In order to get our microcontroller burnt with our own code in the computer that will be hosting our IDE we need to use an application called AVRDUDE, we will find it in the Arduino folder were its IDE is and we could invoke it though command line, however for this example we will install it with a graphical user interface to make things very easy.
This interface is fairly self explanatory, it will let us read and write the microcontroller non volatile memories including the fuses.
Attiny841 is one of the latest models within the Atmel ATtiny family, by the time of writing this tutorial, and unfortunately it has yet to be integrated to AVRDUDESS, if we browse the list by clicking on “Select an MCU..” and it is not listed we will have to explicitly add it by editing a configuration file.
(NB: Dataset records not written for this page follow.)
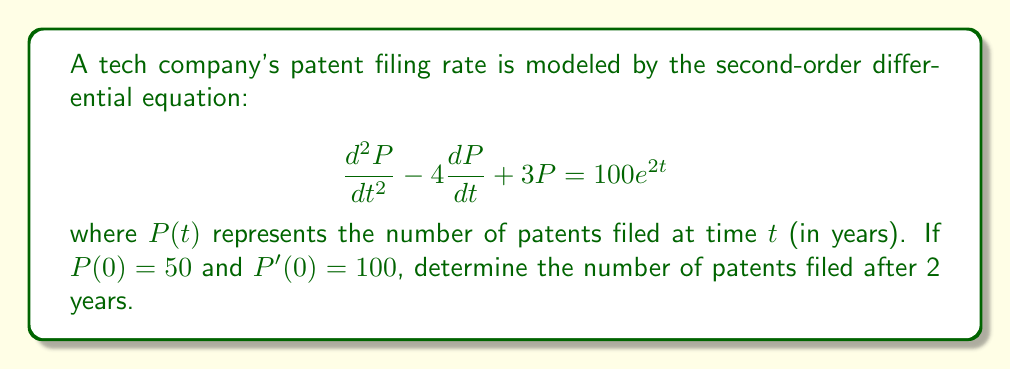Solve this math problem. To solve this problem, we need to follow these steps:

1) The general solution to this non-homogeneous second-order differential equation is the sum of the complementary function and the particular integral.

2) The complementary function (CF) is the solution to the homogeneous equation:
   $$\frac{d^2P}{dt^2} - 4\frac{dP}{dt} + 3P = 0$$
   The characteristic equation is $r^2 - 4r + 3 = 0$
   Solving this: $r = 1$ or $r = 3$
   So, the CF is: $P_c = Ae^t + Be^{3t}$

3) For the particular integral (PI), we guess a solution of the form:
   $P_p = Ce^{2t}$
   Substituting this into the original equation:
   $$(4C - 8C + 3C)e^{2t} = 100e^{2t}$$
   $$-C = 100$$
   $$C = -100$$
   So, the PI is: $P_p = -100e^{2t}$

4) The general solution is: $P = P_c + P_p = Ae^t + Be^{3t} - 100e^{2t}$

5) Using the initial conditions:
   $P(0) = 50$: $A + B - 100 = 50$
   $P'(0) = 100$: $A + 3B - 200 = 100$

6) Solving these simultaneous equations:
   $A = 225$, $B = -75$

7) Therefore, the particular solution is:
   $$P(t) = 225e^t - 75e^{3t} - 100e^{2t}$$

8) To find $P(2)$, we substitute $t = 2$:
   $$P(2) = 225e^2 - 75e^6 - 100e^4$$

9) Calculating this value:
   $$P(2) \approx 1660.59 - 33271.50 - 5411.70 \approx -37022.61$$
Answer: The number of patents filed after 2 years is approximately -37023 (rounded to the nearest integer). The negative value suggests that this model breaks down after a certain point and is not realistic for long-term predictions, which could be a point of contention in an intellectual property dispute. 
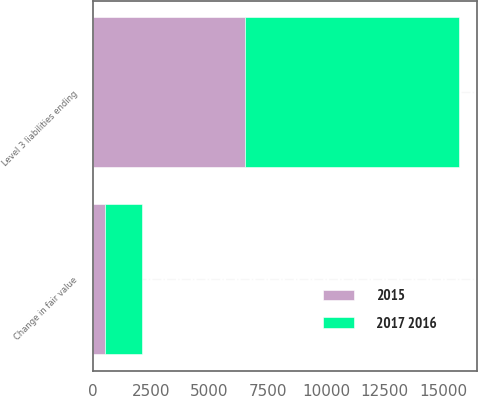<chart> <loc_0><loc_0><loc_500><loc_500><stacked_bar_chart><ecel><fcel>Change in fair value<fcel>Level 3 liabilities ending<nl><fcel>2017 2016<fcel>1590<fcel>9153<nl><fcel>2015<fcel>510<fcel>6510<nl></chart> 
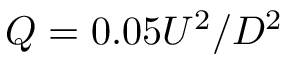Convert formula to latex. <formula><loc_0><loc_0><loc_500><loc_500>Q = 0 . 0 5 U ^ { 2 } / D ^ { 2 }</formula> 
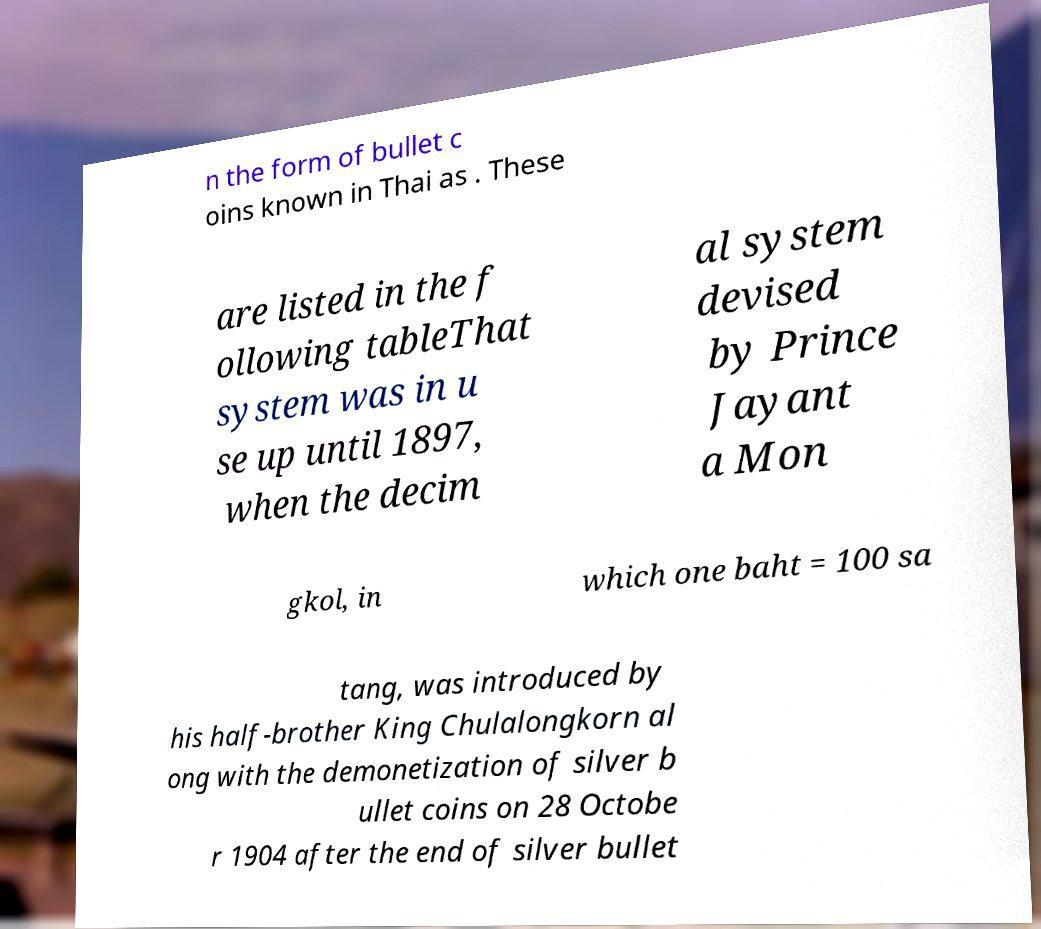I need the written content from this picture converted into text. Can you do that? n the form of bullet c oins known in Thai as . These are listed in the f ollowing tableThat system was in u se up until 1897, when the decim al system devised by Prince Jayant a Mon gkol, in which one baht = 100 sa tang, was introduced by his half-brother King Chulalongkorn al ong with the demonetization of silver b ullet coins on 28 Octobe r 1904 after the end of silver bullet 
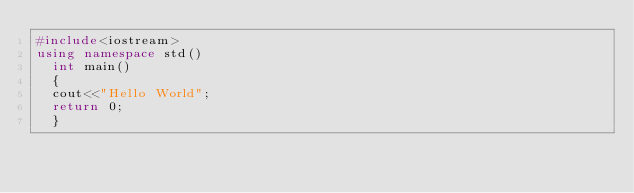<code> <loc_0><loc_0><loc_500><loc_500><_C++_>#include<iostream>
using namespace std()
  int main()
  {
  cout<<"Hello World";
  return 0;
  }
</code> 
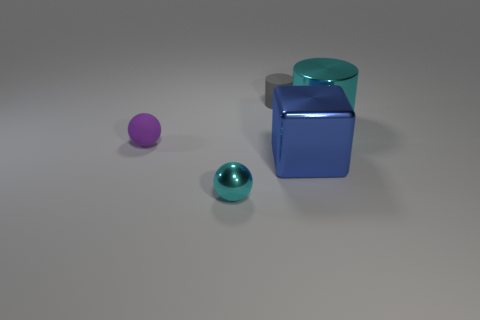Add 1 blue metallic things. How many objects exist? 6 Subtract all cyan spheres. How many spheres are left? 1 Subtract all blue objects. Subtract all tiny things. How many objects are left? 1 Add 4 tiny gray cylinders. How many tiny gray cylinders are left? 5 Add 5 shiny balls. How many shiny balls exist? 6 Subtract 0 yellow spheres. How many objects are left? 5 Subtract all balls. How many objects are left? 3 Subtract 1 blocks. How many blocks are left? 0 Subtract all red cylinders. Subtract all brown balls. How many cylinders are left? 2 Subtract all green balls. How many gray cylinders are left? 1

If it wasn’t there, only in that case we will need to follow the instructions below.
We will have to open the folder where the application was installed and edit the file avrdude.conf with our favourite text editor.
In this link there the lines we will need to edit the avrdude.conf file with to add the Attiny841 in AVRDUDESS, in particular this is the text required that we will need to copy and paste into the avrdude.conf.
Let’s open the drop down microcontroller selection menu and if everything has gone well we should see our ATtiny841 listed.
Ok, everything should be ready to program our ATtiny841 via the Arduino Leonardo to utilize it as an ISP programmer.
4 .How to program the microcontroller with Arduino Leonardo + AVRDUDESS.
Let’s open AVRDUDESS and connect our Arduino Leonardo to the USB port of our PC and the programming pins of the target microcontroller.
In the drop down view we have to pick “Arduino” in the case of using a Leonardo and the serial COM port selected by our PC as result of connecting the Arduino to the host machine, the capture condenses these steps.
If everything has been configured and connected correctly by placing the Detect button at the top right corner, we should get a message back verifying that the microcontroller is connected to the Arduino.
In the previous tutorial we explained how to generate an hex file as result of building our project via the Atmel Studio and download it into our microcontroller, in this case we are not using an officially supported programmer from Atmel, therefore we cannot use the integrated tool and program it directly from Atmel Studio, instead the process should be done through AVRDUDESS.
Atmel stores the .hex file in the project folder that we created to develop our program.
The programming method would be as simple as selecting our .hex file by typing or selecting the location path in the Flash section and pressing the Go button.
If everything goes well the .hex file will reside in the microcontroller flash memory and at the bottom of the AVRDUDESS there is a log hopefully indicating so.
There is also a visual indication since the TX and RX Arduino LEDs will be blinking unevenly during the programming process, and once it has been downloaded the microcontroller will begin executing the new program instructions right away as shown in the following video.
These have been the components and necessary steps to program an Atmel 8 bit microcontroller with an Arduino board, depending on what Arduino we have there are different connections to make, always the signals MOSI, MISO, SCK and a digital output pin from the Arduino will have to match up with Serial Data in, Serial Data out, Serial Clock and RESET signals of our target microcontroller.